DATA FOR THE TASK:
= = =
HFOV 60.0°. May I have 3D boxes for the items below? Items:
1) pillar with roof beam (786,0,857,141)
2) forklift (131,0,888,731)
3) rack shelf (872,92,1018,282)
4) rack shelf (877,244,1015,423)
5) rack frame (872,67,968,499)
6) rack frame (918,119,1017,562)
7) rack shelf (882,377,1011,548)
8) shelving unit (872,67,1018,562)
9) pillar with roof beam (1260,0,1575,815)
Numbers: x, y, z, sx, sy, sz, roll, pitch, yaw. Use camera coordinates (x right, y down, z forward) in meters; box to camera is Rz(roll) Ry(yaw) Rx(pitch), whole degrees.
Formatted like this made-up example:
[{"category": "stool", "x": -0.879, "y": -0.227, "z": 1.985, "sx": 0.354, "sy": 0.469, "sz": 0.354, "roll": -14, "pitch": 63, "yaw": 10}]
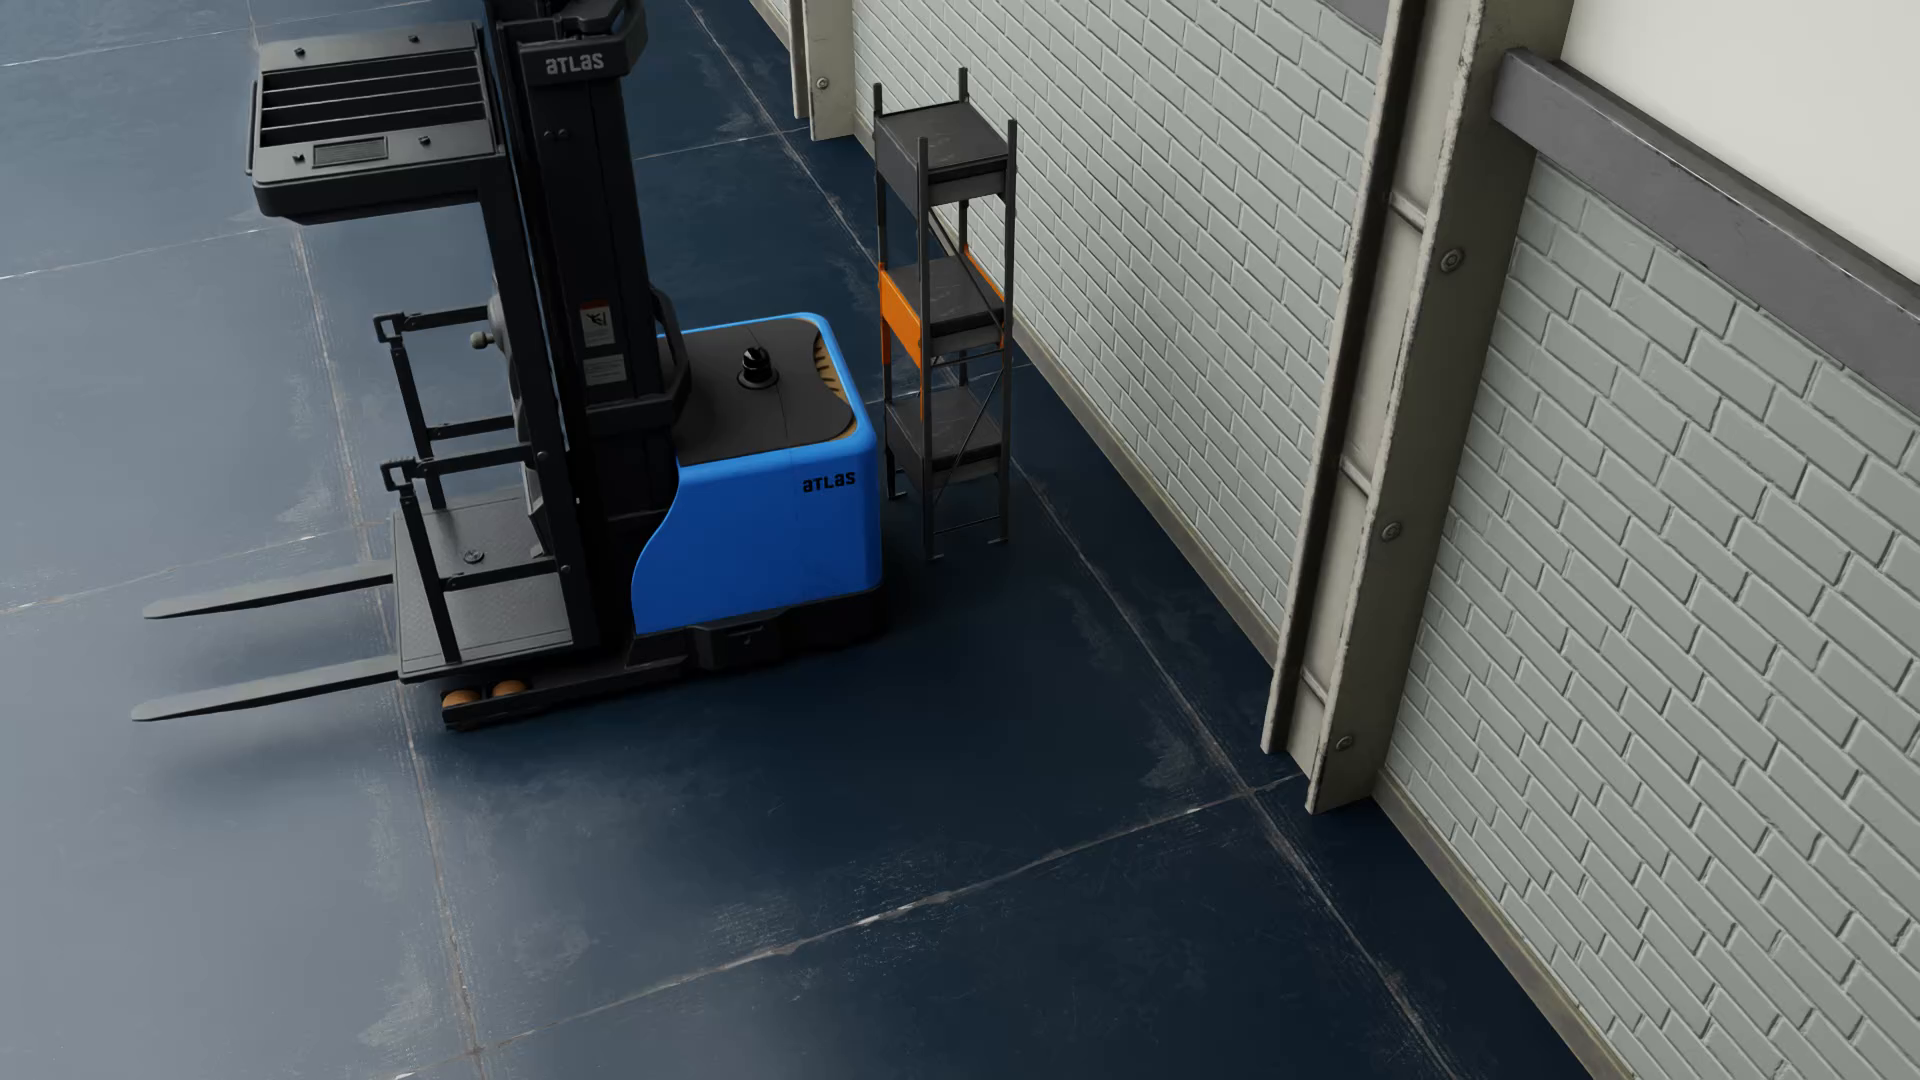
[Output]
[{"category": "pillar with roof beam", "x": -4.847, "y": -5.045, "z": 6.633, "sx": 9.100, "sy": 9.000, "sz": 0.400, "roll": -15, "pitch": 43, "yaw": -17}, {"category": "forklift", "x": -1.888, "y": -0.725, "z": 6.264, "sx": 3.031, "sy": 2.935, "sz": 1.130, "roll": -11, "pitch": 42, "yaw": -12}, {"category": "rack shelf", "x": -0.063, "y": -1.416, "z": 6.652, "sx": 0.431, "sy": 0.518, "sz": 0.480, "roll": -15, "pitch": 43, "yaw": -17}, {"category": "rack shelf", "x": -0.063, "y": -0.885, "z": 7.109, "sx": 0.431, "sy": 0.518, "sz": 0.480, "roll": -15, "pitch": 43, "yaw": -17}, {"category": "rack frame", "x": -0.157, "y": -1.043, "z": 7.271, "sx": 0.400, "sy": 2.100, "sz": 0.015, "roll": -15, "pitch": 43, "yaw": -17}, {"category": "rack frame", "x": 0.030, "y": -0.749, "z": 6.929, "sx": 0.400, "sy": 2.100, "sz": 0.015, "roll": -15, "pitch": 43, "yaw": -17}, {"category": "rack shelf", "x": -0.063, "y": -0.355, "z": 7.565, "sx": 0.431, "sy": 0.518, "sz": 0.480, "roll": -15, "pitch": 43, "yaw": -17}, {"category": "shelving unit", "x": -0.063, "y": -0.896, "z": 7.100, "sx": 0.431, "sy": 2.100, "sz": 0.503, "roll": -15, "pitch": 43, "yaw": -17}, {"category": "pillar with roof beam", "x": -2.552, "y": -1.430, "z": 2.430, "sx": 9.100, "sy": 9.000, "sz": 0.400, "roll": -15, "pitch": 43, "yaw": -17}]
= = =
TASK DESCRIPTION: Write out exactly, please, the lines that start at the one containing "3) rack shelf (872,92,1018,282)" and run through the final line of the entries, both included, leaving pictures out.

SOLUTION:
3) rack shelf (872,92,1018,282)
4) rack shelf (877,244,1015,423)
5) rack frame (872,67,968,499)
6) rack frame (918,119,1017,562)
7) rack shelf (882,377,1011,548)
8) shelving unit (872,67,1018,562)
9) pillar with roof beam (1260,0,1575,815)
Numbers: x, y, z, sx, sy, sz, roll, pitch, yaw. Use camera coordinates (x right, y down, z forward) in meters; box to camera is Rz(roll) Ry(yaw) Rx(pitch), whole degrees.
Formatted like this made-up example:
[{"category": "stool", "x": -0.879, "y": -0.227, "z": 1.985, "sx": 0.354, "sy": 0.469, "sz": 0.354, "roll": -14, "pitch": 63, "yaw": 10}]
[Output]
[{"category": "pillar with roof beam", "x": -4.847, "y": -5.045, "z": 6.633, "sx": 9.100, "sy": 9.000, "sz": 0.400, "roll": -15, "pitch": 43, "yaw": -17}, {"category": "forklift", "x": -1.888, "y": -0.725, "z": 6.264, "sx": 3.031, "sy": 2.935, "sz": 1.130, "roll": -11, "pitch": 42, "yaw": -12}, {"category": "rack shelf", "x": -0.063, "y": -1.416, "z": 6.652, "sx": 0.431, "sy": 0.518, "sz": 0.480, "roll": -15, "pitch": 43, "yaw": -17}, {"category": "rack shelf", "x": -0.063, "y": -0.885, "z": 7.109, "sx": 0.431, "sy": 0.518, "sz": 0.480, "roll": -15, "pitch": 43, "yaw": -17}, {"category": "rack frame", "x": -0.157, "y": -1.043, "z": 7.271, "sx": 0.400, "sy": 2.100, "sz": 0.015, "roll": -15, "pitch": 43, "yaw": -17}, {"category": "rack frame", "x": 0.030, "y": -0.749, "z": 6.929, "sx": 0.400, "sy": 2.100, "sz": 0.015, "roll": -15, "pitch": 43, "yaw": -17}, {"category": "rack shelf", "x": -0.063, "y": -0.355, "z": 7.565, "sx": 0.431, "sy": 0.518, "sz": 0.480, "roll": -15, "pitch": 43, "yaw": -17}, {"category": "shelving unit", "x": -0.063, "y": -0.896, "z": 7.100, "sx": 0.431, "sy": 2.100, "sz": 0.503, "roll": -15, "pitch": 43, "yaw": -17}, {"category": "pillar with roof beam", "x": -2.552, "y": -1.430, "z": 2.430, "sx": 9.100, "sy": 9.000, "sz": 0.400, "roll": -15, "pitch": 43, "yaw": -17}]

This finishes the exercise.